Chan (2000, Journal of Climate 13(16)) juga menyebutkan, dalam tahun-tahun La Nina, Laut Cina Selatan cenderung memiliki lebih banyak terjadi Siklon Tropis pada bulan September dan Oktober, sementara wilayah Samudera Pasifik Barat lainnya, aktivitas Siklon Tropis cenderung berkurang di bulan Agustus hingga November. Namun, dalam hal ini masih terdapat perbedaan pandangan di kalangan ilmuwan iklim dimana sebagian mereka menyatakan bahwa kondisi El Nino menyebabkan intensitas siklon tropis di wilayah ini lebih kuat dan memiliki durasi lebih lama (Chun Hsu, 2013; Camargo & Sobel, 2004).

Studi terbaru oleh Liu dan Chan (2017, International Journal of Climatology 38 (3)) mengungkapkan jika terjadi peristiwa La Nina dan keadaan suhu permukaan laut sekitar kolam hangat (warm pool) Indo-Pasifik mengindikasikan persistensi lebih dingin dari wilayah sekitarnya, kemungkinan terjadinya siklon tropis akan melebihi kondisi normalnya.

“Perlu dipahami masyarakat bahwa La Nina bukanlah jenis badai tropis, bukan berupa pusat tekanan rendah dan pusaran angin yang menyebabkan curah hujan dan kecepatan angin ekstrim. La Nina adalah kondisi penyimpangan (anomali) suhu permukaan laut Samudera Pasifik tropis bagian tengah dan timur yang lebih dingin daripada kondisi normalnya, dan diikuti oleh penguatan aliran angin pasat timur,” ujarnya.

La Nina terjadi dalam skala waktu beberapa bulan hingga tahun, dan mempengaruhi cuaca/iklim global berupa kondisi lebih basah/kering, lebih hangat/dingin, dan dinamika cuaca lainnya yang berbeda di tiap wilayah di dunia.
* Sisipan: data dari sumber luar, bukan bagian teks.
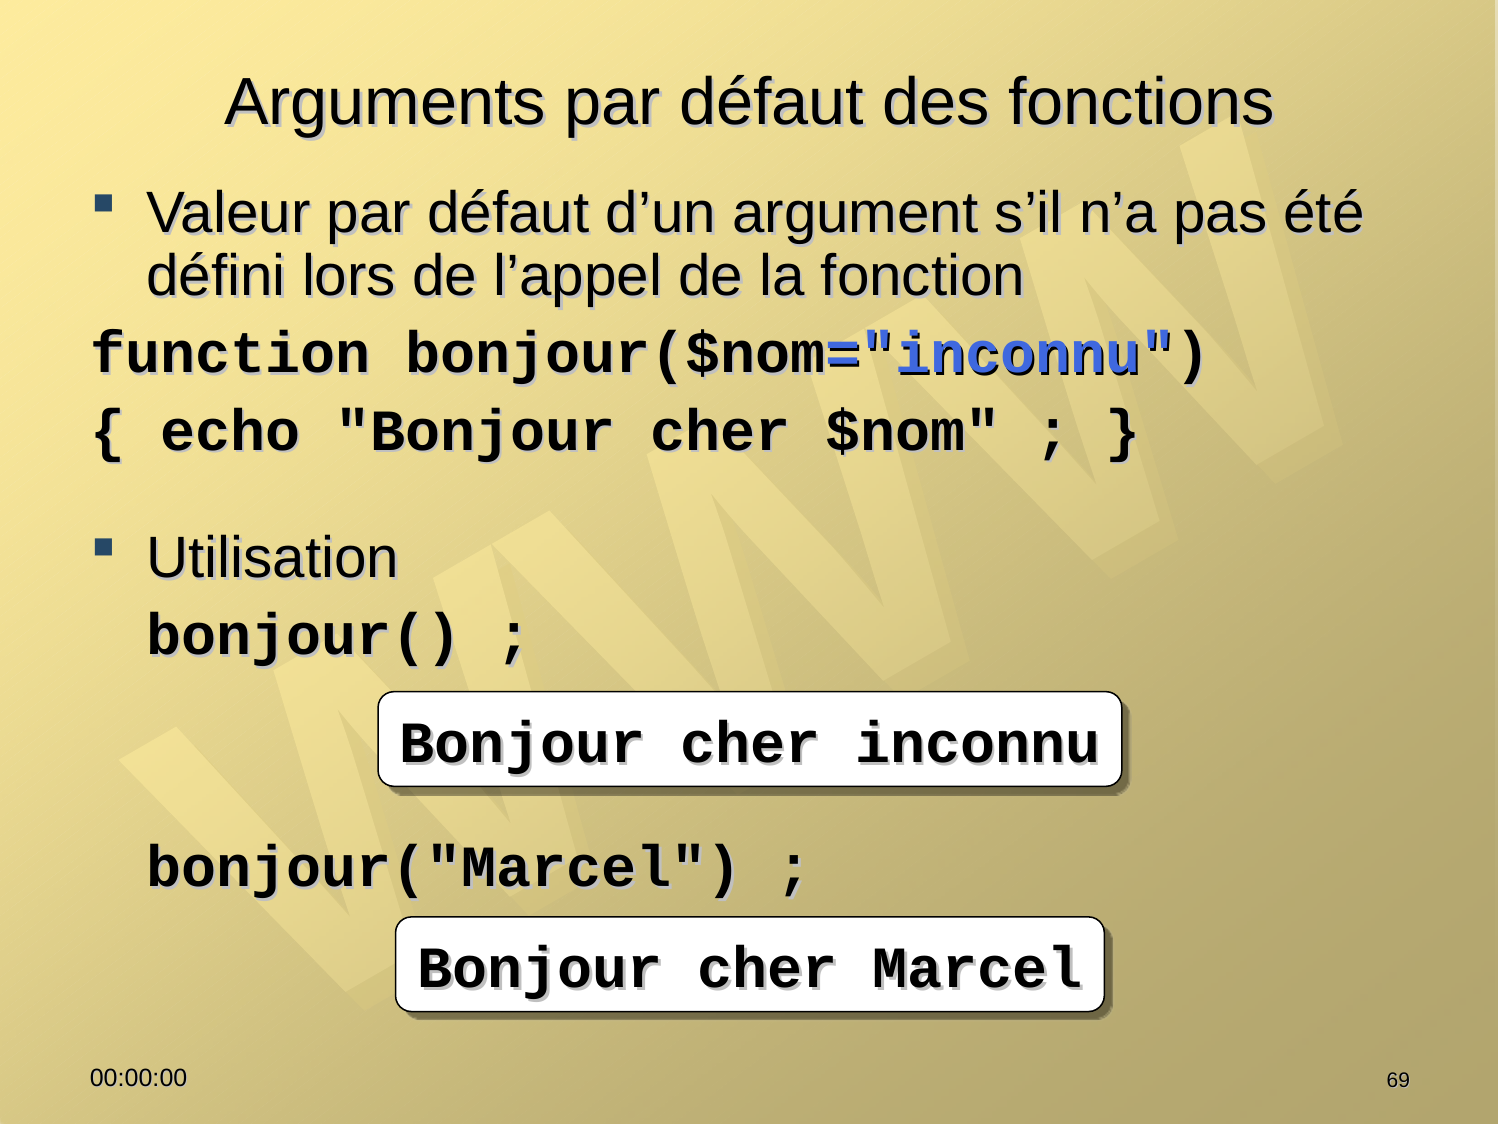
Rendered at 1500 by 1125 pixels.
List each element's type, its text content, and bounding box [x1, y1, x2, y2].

text_box 18:45:30 [74, 1058, 426, 1100]
text_box [1074, 1058, 1426, 1100]
text_box Bonjour cher inconnu [378, 691, 1122, 787]
list Valeur par défaut d’un argument s’il n’a pas été défini lors de l’appel de la fonction function bonjour($nom="inconnu") { echo "Bonjour cher $nom" ; } Utilisation bonjour() ; bonjour("Marcel") ; [75, 174, 1426, 1005]
title Arguments par défaut des fonctions [75, 45, 1426, 152]
text_box Bonjour cher Marcel [395, 916, 1105, 1012]

Sedangkan badai atau siklon tropis adalah fenomena ekstrim gangguan cuaca dalam skala ratusan kilometer yang memiliki dampak bersifat regional baik dampak langsung maupun tidak langsung, dan berlangsung dalam beberapa hari.

Secara teoritis, badai atau siklon tropis umumnya hanya bisa berkembang dan menguat di wilayah tropis di luar 10 derajat lintang utara atau selatan. Hal ini dikarenakan secara fisis pembentukan siklon dapat terjadi bila memenuhi syarat anomali suhu muka laut yang lebih hangat dibanding wilayah sekitarnya (umumnya >28C), dan adanya potensi pusaran yang besar karena pengaruh gaya korioli. Gaya korioli di wilayah Indonesia umumnya bernilai kecil karena dekat dengan garis ekuator, sehingga relatif lebih kecil peluang terjadinya Siklon Tropis di Indonesia.
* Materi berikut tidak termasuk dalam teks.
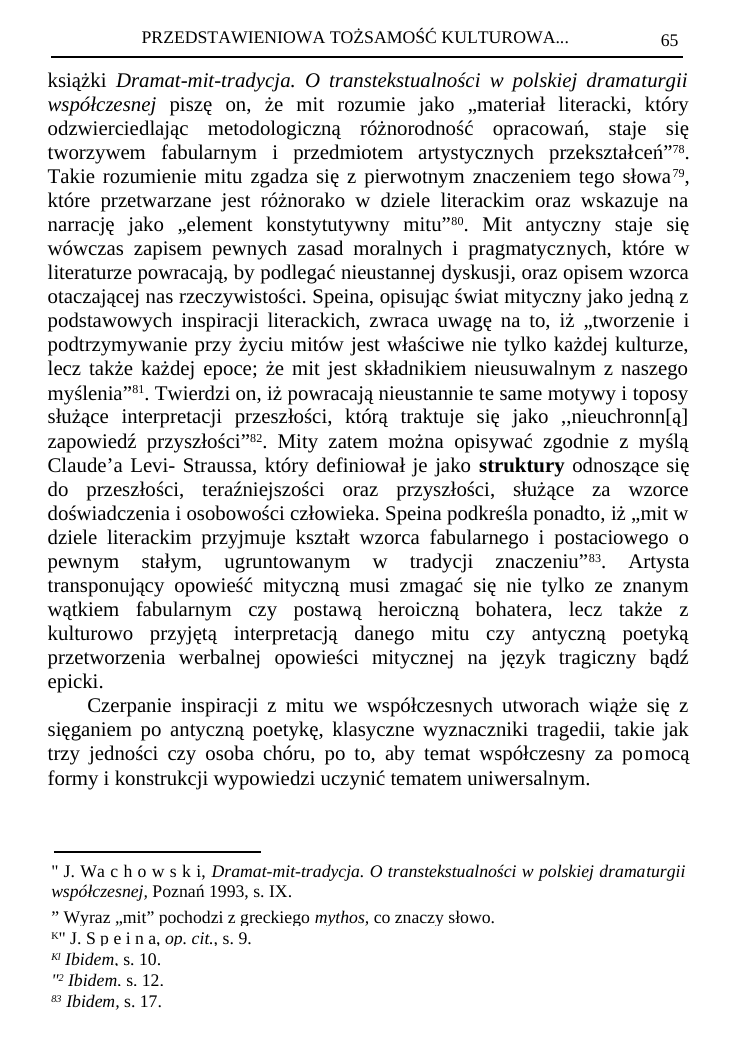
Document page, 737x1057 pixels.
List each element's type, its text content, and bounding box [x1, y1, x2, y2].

text Czerpanie inspiracji z mitu we współczesnych utworach wiąże się z sięganiem po antyczną poetykę, klasyczne wyznaczniki tragedii, takie jak trzy jedności czy osoba chóru, po to, aby temat współczesny za po­mocą formy i konstrukcji wypowiedzi uczynić tematem uniwersalnym. [47, 693, 689, 789]
text Kl Ibidem, s. 10. [51, 949, 687, 965]
text 83 Ibidem, s. 17. [51, 991, 687, 1011]
text PRZEDSTAWIENIOWA TOŻSAMOŚĆ KULTUROWA... [141, 27, 591, 47]
text K" J. S p e i n a, op. cit., s. 9. [51, 928, 687, 946]
text 65 [661, 29, 684, 50]
text książki Dramat-mit-tradycja. O transtekstualności w polskiej drama­turgii współczesnej piszę on, że mit rozumie jako „materiał literacki, który odzwierciedlając metodologiczną różnorodność opracowań, staje się tworzywem fabularnym i przedmiotem artystycznych przekształ­ceń”78. Takie rozumienie mitu zgadza się z pierwotnym znaczeniem tego słowa79, które przetwarzane jest różnorako w dziele literackim oraz wskazuje na narrację jako „element konstytutywny mitu”80. Mit antycz­ny staje się wówczas zapisem pewnych zasad moralnych i pragmatycz­nych, które w literaturze powracają, by podlegać nieustannej dyskusji, oraz opisem wzorca otaczającej nas rzeczywistości. Speina, opisując świat mityczny jako jedną z podstawowych inspiracji literackich, zwra­ca uwagę na to, iż „tworzenie i podtrzymywanie przy życiu mitów jest właściwe nie tylko każdej kulturze, lecz także każdej epoce; że mit jest składnikiem nieusuwalnym z naszego myślenia”81. Twierdzi on, iż powracają nieustannie te same motywy i toposy służące interpretacji przeszłości, którą traktuje się jako ,,nieuchronn[ą] zapowiedź przyszło­ści”82. Mity zatem można opisywać zgodnie z myślą Claude’a Levi- Straussa, który definiował je jako struktury odnoszące się do przeszło­ści, teraźniejszości oraz przyszłości, służące za wzorce doświadczenia i osobowości człowieka. Speina podkreśla ponadto, iż „mit w dziele lite­rackim przyjmuje kształt wzorca fabularnego i postaciowego o pewnym stałym, ugruntowanym w tradycji znaczeniu”83. Artysta transponujący opowieść mityczną musi zmagać się nie tylko ze znanym wątkiem fabu­larnym czy postawą heroiczną bohatera, lecz także z kulturowo przyjętą interpretacją danego mitu czy antyczną poetyką przetworzenia werbal­nej opowieści mitycznej na język tragiczny bądź epicki. [47, 68, 689, 693]
text " J. Wa c h o w s k i, Dramat-mit-tradycja. O transtekstualności w polskiej drama­turgii współczesnej, Poznań 1993, s. IX. [51, 861, 687, 902]
text ” Wyraz „mit” pochodzi z greckiego mythos, co znaczy słowo. [51, 907, 687, 925]
text "2 Ibidem, s. 12. [51, 969, 687, 986]

Atas penjelasan tersebut, Herizal mengimbau masyarakat untuk tetap tenang terhadap berita-berita yang tidak benar terkait badai tropis yang dianggap sama dengan fenomena La Nina ini, namun diharapkan tetap waspada dan antisipatif terhadap kemungkinan dampak La Nina yaitu dengan ancaman banjir, banjir bandang, dan longsor akibat curah hujan ekstrim.

Menurut dia, masyarakat bisa berpartisipasi dengan memperbaiki saluran air, meningkatkan kapasitas tampungan air dan memanen hujan, serta memangkas ranting pohon yang berlebih ataupun rapuh, berhati-hati dan memperhatikan tingkat kekuatan papan reklame dan jembatan penyebarangan, dan lebih perhatian terhadap perkembangan cuaca yang dinamis dan cepat.

Masyarakat dihimbau agar terus menerus memperoleh informasi terkini dari BMKG.